Glad to see you guys got the G7s up and running. I've been scouring ebay trying to find a better deal than those G7s for mining and haven't been able to find anything.

I posted a little guide / blurb for how to run a 240V 30A outlet for residences in the USA.. If anyone needs more power...

https://bitcointalk.org/index.php?topic=2772135.msg28578662#msg28578662


What i have not solved yet is running 12 gpus in my G7. Im fairly sure how to solve the electricity, except how i solve common ground the best way, since i need to take 1-2 psu's and mount them externally to be able to fit the pci-e breakout boards. With normal ATX-psu's i have add2psu-adapters solving this, but now im not really confident in whats the best solution is?

And also, does Windows Server support 12 gpu's?

Put the GPUs on pci-e expansion boards. Power the expansion boards from the 2x psus you leave attached to the G7. Take other 2 PSUs, put breakout boards on them and run it to the GPU cards 6/8pin port. CPU Mining will kill 1kW (depending on cpus) from the 2x PSUs you leave in the unit. You should still be able to optionally stick a couple cards in the system itself.

I don't know about windows, I'd never run windows for any miner.
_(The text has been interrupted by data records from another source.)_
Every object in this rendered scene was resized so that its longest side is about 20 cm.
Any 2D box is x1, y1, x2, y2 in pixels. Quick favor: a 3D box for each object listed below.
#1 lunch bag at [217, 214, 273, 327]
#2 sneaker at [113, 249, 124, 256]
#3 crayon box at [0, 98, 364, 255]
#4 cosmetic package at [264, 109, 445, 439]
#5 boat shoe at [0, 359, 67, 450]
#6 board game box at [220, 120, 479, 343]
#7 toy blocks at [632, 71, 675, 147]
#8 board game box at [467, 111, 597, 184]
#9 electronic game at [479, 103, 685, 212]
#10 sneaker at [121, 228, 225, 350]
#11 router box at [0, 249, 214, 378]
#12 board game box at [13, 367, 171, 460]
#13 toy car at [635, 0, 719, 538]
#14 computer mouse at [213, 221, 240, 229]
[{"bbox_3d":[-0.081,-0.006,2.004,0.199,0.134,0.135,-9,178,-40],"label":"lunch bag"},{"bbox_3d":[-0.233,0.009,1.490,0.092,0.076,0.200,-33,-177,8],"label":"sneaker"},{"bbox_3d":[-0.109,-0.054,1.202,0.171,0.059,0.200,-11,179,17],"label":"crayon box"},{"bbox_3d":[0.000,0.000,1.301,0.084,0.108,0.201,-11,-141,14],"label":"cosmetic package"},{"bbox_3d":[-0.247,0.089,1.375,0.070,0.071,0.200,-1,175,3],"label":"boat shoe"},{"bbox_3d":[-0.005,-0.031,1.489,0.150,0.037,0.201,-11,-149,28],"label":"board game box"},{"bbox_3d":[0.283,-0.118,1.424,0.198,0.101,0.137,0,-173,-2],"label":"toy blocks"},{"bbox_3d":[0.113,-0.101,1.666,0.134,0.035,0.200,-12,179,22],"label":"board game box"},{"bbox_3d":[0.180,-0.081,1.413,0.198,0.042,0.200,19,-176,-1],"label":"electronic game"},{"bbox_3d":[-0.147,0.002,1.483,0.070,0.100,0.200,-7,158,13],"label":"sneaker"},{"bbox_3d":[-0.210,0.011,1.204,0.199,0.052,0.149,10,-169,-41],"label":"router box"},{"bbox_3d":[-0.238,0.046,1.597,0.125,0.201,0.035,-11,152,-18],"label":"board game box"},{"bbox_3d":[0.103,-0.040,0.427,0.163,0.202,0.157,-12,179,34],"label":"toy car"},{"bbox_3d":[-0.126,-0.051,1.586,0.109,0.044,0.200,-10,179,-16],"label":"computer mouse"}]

I'm not sure what you mean by a common ground. I'd just plug all the PSUs into the same PDU. Here's my PDU:
https://www.amazon.com/gp/product/B0013HY9E2/ref=ox_sc_act_title_5?smid=ASF0S1GFIHF5V&psc=1


Thanks a lot for this clarification. I tried booting up with SMOS with 2 cards mounted directly on the motherboard, but SMOS would only detect 1. What OS would you runt with 12 AMD RX cards in my G7?